The half-life of a radionuclide is the time taken for half the radionuclide's atoms to decay.

Learning Objective

  • Explain what is a half-life of a radionuclide.


Key Points

    • The half-life is related to the decay constant as follows: $t_{1/2} = ln2/\lambda$.
    • The relationship between the half-life and the decay constant shows that highly radioactive substances are quickly spent while those that radiate weakly endure longer.
    • Half-lives of known radionuclides vary widely, from more than 1019 years, such as for the very nearly stable nuclide 209 Bi, to 10-23 seconds for highly unstable ones.

Terms

  • half-life

    the time required for half of the nuclei in a sample of a specific isotope to undergo radioactive decay

  • radionuclide

    A radionuclide is an atom with an unstable nucleus, characterized by excess energy available to be imparted either to a newly created radiation particle within the nucleus or via internal conversion.


Example

    • A sample of 14C, whose half-life is 5730 years, has a decay rate of 14 disintegrations per minute (dpm) per gram of natural carbon. An artefact is found to have radioactivity of 4 dpm per gram of its present C. How old is the artefact? We have: $N = N_o e^{-t/\tau} \text{ where } N/N_o=4/14≈0.286 $, $\tau = t_{1/2}/ln2 \approx 8267 \text{ years, } t=−\tau lnN/N_o≈10360 \text{ years.}$

Full Text

The half-life of a radionuclide is the time taken for half of the radionuclide's atoms to decay. Taking $\lambda$ to be the decay rate (number of disintegrations per unit time) , and $\tau$ the average lifetime of an atom before it decays, we have:

$N(t) = N_{0}e^{-\lambda t} = N_{0}e^{-t/\tau}$

The half-life is related to the decay constant by substituting the condition $N=N_o /2$ and solving for $t = t_{1/2}$:

$t_{1/2} = ln2/\lambda = \tau ln2$

A half-life must not be thought of as the time required for exactly half of the atoms to decay. 

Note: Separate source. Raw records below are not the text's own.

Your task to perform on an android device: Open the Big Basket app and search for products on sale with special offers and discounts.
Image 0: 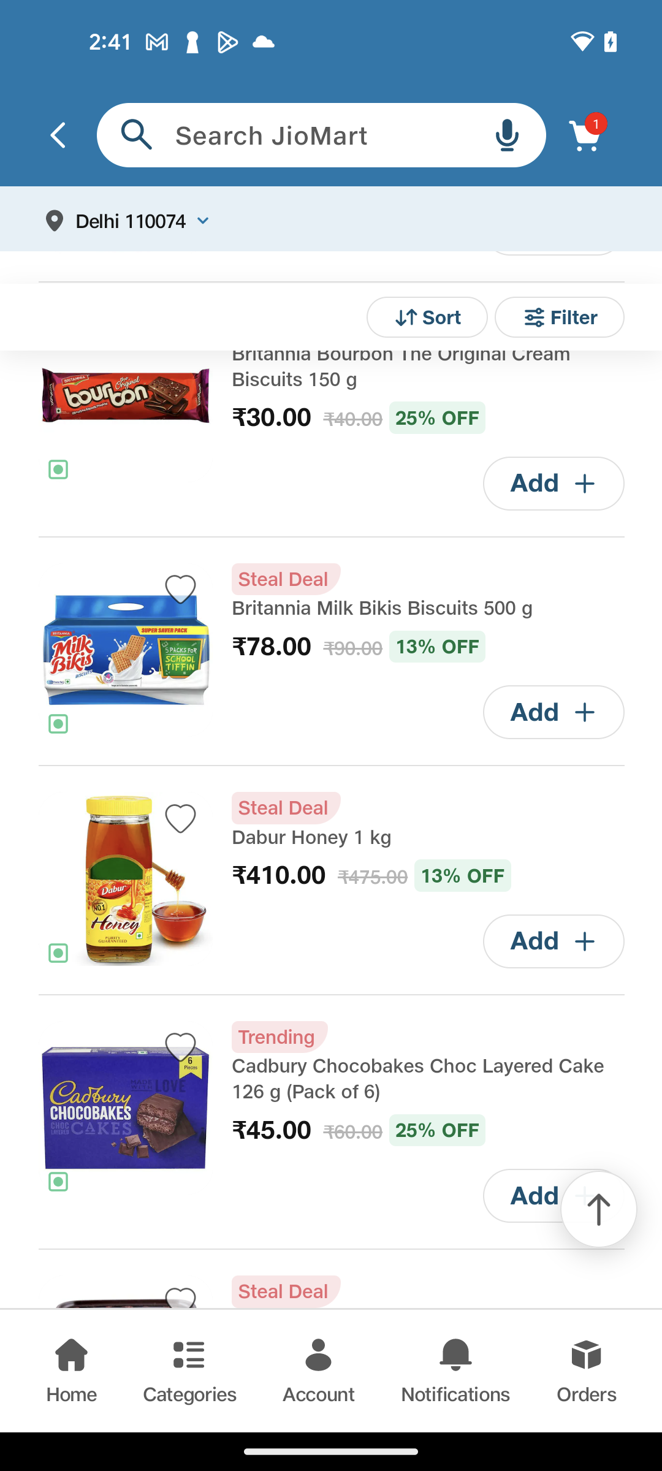
Open the big basket app
Step 0: open app "bigbasket"
Image 1: 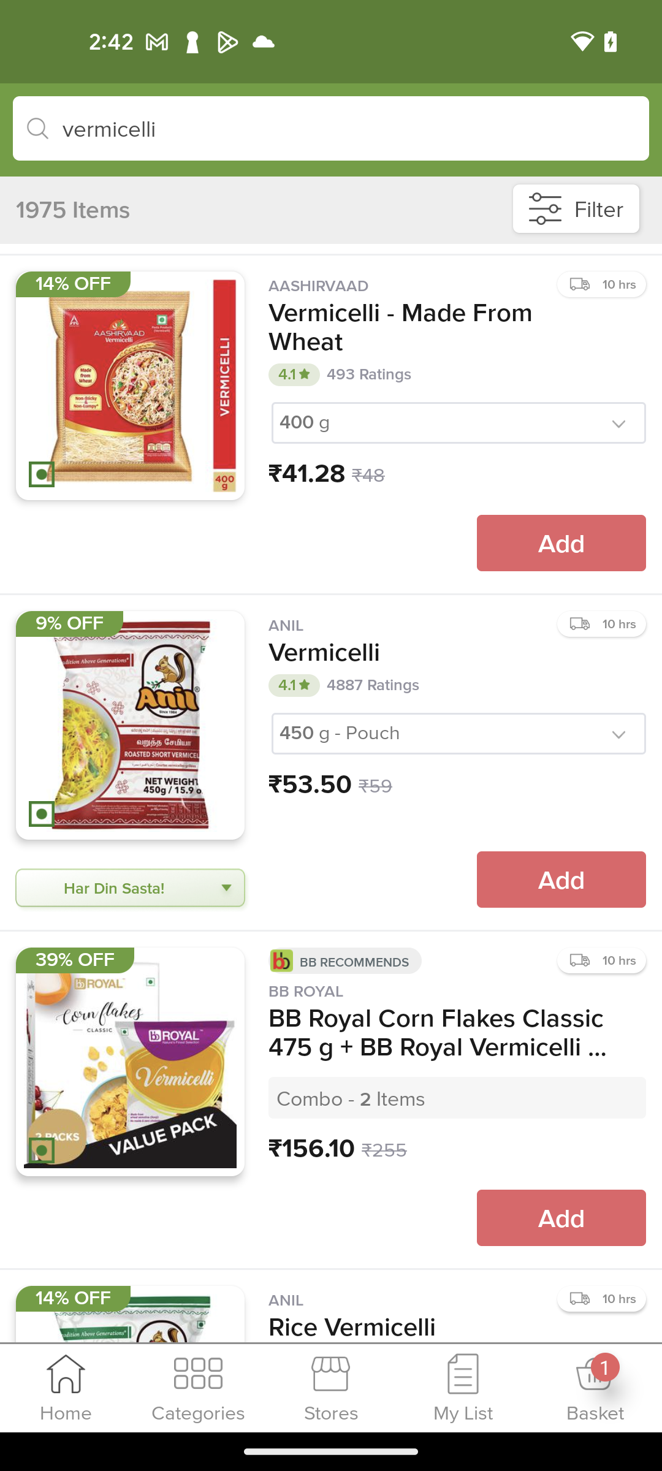
Click on the home option at the bottom left corner of the screen
Step 1: click (66, 1374)
Image 2: 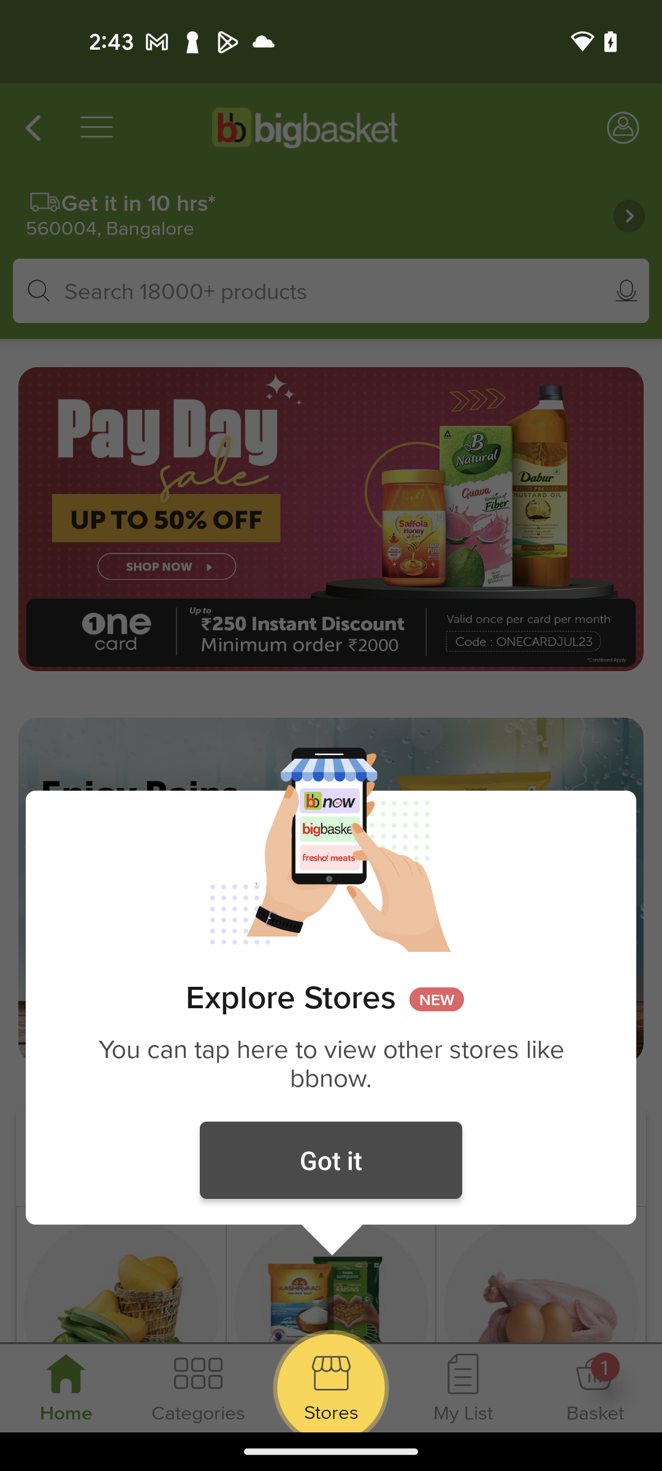
Click on the home option at the bottom left corner of the screen
Step 2: wait
Image 3: 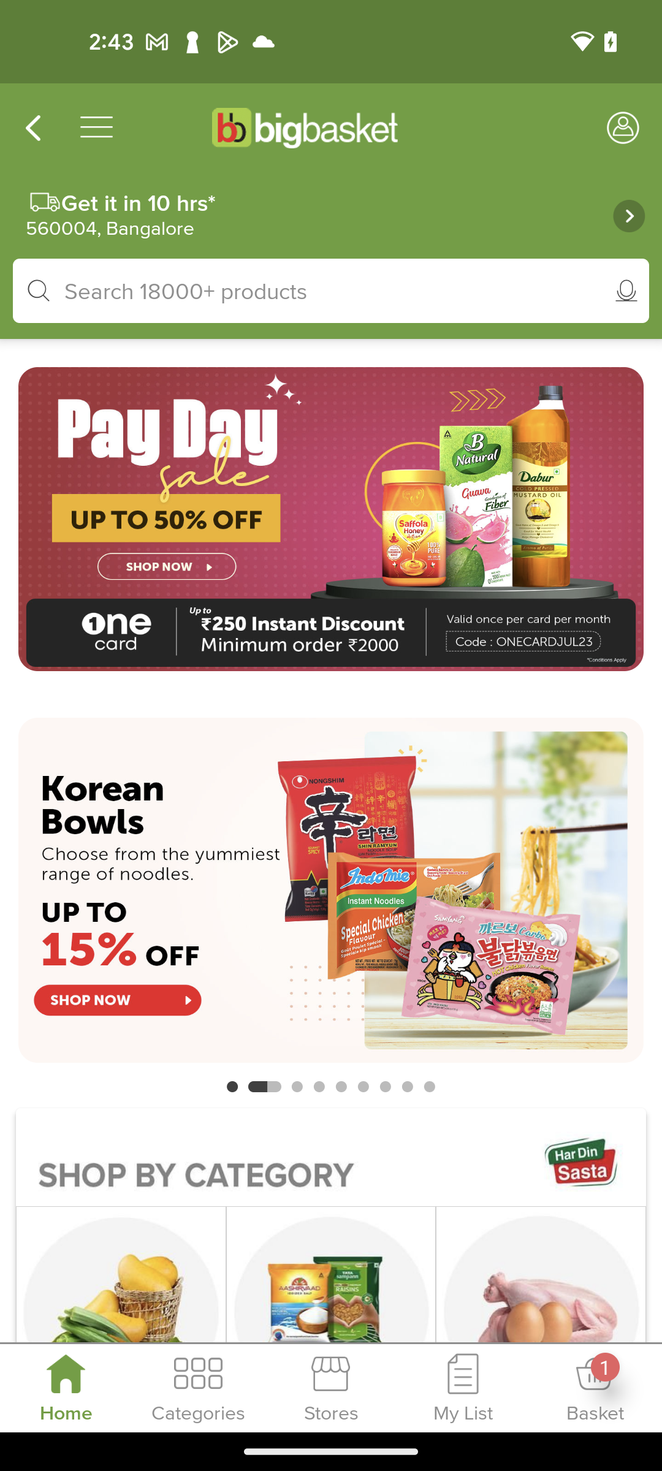
Click on the menu icon to view the offer
Step 3: click (96, 127)
Image 4: 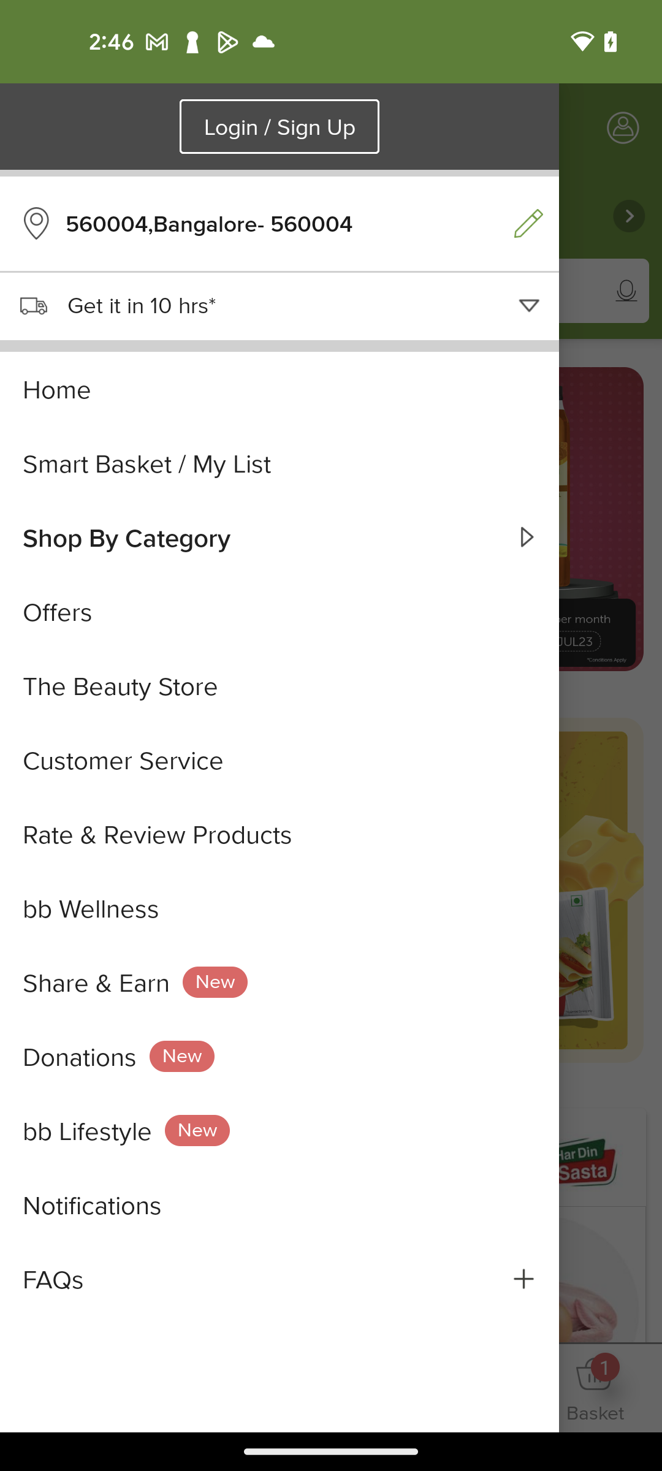
Click on the offers option
Step 4: click (46, 611)
Image 5: 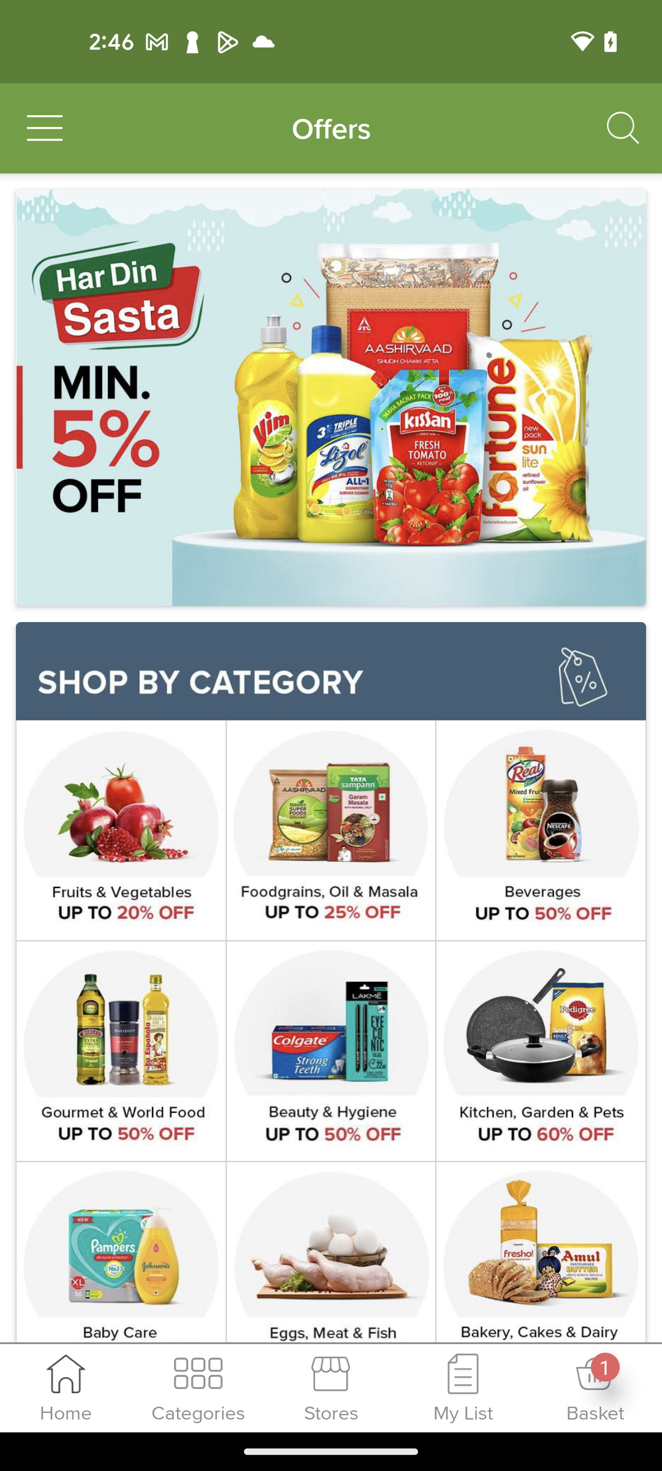
Swipe up to view more products
Step 5: scroll down
Image 6: 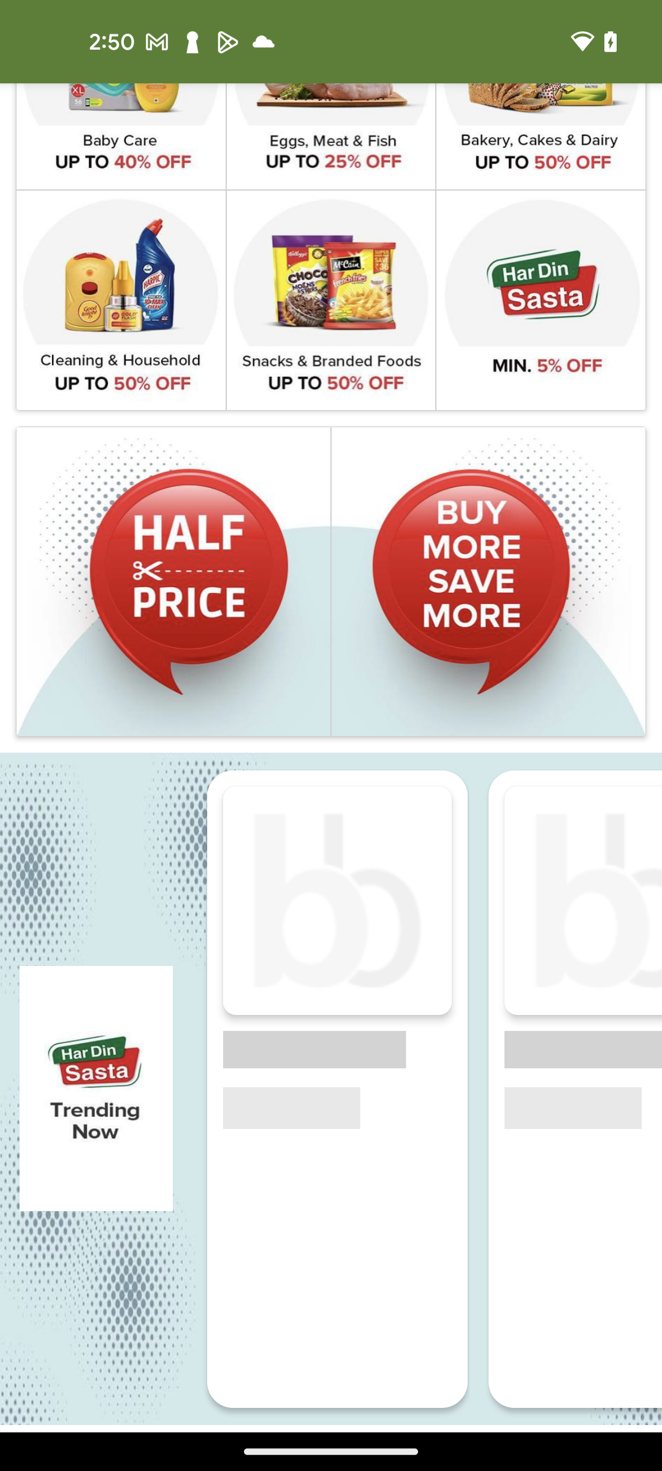
Swipe up to view more products
Step 6: wait

The following figure shows a simulation of many identical atoms undergoing radioactive decay. Note that after one half-life there are not exactly one-half of the atoms remaining; there are only approximately one-half left because of the random variation in the process. However, with more atoms (the boxes on the right), the overall decay is smoother and less random-looking than with fewer atoms (the boxes on the left), in accordance with the law of large numbers.

Radioactive decay simulation

A simulation of many identical atoms undergoing radioactive decay, starting with four atoms (left) and 400 atoms (right). The number at the top indicates how many half-lives have elapsed

The relationship between the half-life and the decay constant shows that highly radioactive substances are quickly spent while those that radiate weakly endure longer. Half-lives of known radionuclides vary widely, from more than 1019 years, such as for the very nearly stable nuclide 209 Bi, to 10−23 seconds for highly unstable ones.

The factor of ln(2) in the above equations results from the fact that the concept of "half-life" is merely a way of selecting a different base other than the natural base e for the lifetime expression. The time constant τ is the e-1-life, the time until only 1/e remains -- about 36.8 percent, rather than the 50 percent in the half-life of a radionuclide. Therefore, τ is longer than t1/2. The following equation can be shown to be valid:

$N(t) = N_{0}e^{-t/\tau } = N_{0}2^{-t/t_{1/2}}$

Since radioactive decay is exponential with a constant probability, each process could just as easily be described with a different constant time period that (for example) gave its 1/3-life (how long until only 1/3 is left), or its 1/10-life (how long until only 1/10 is left), and so on. Therefore, the choice of τ and t1/2 for marker-times is only for convenience and for the sake of uploading convention. These marker-times reflect a fundamental principle only in that they show that the same proportion of a given radioactive substance will decay over any time period you choose.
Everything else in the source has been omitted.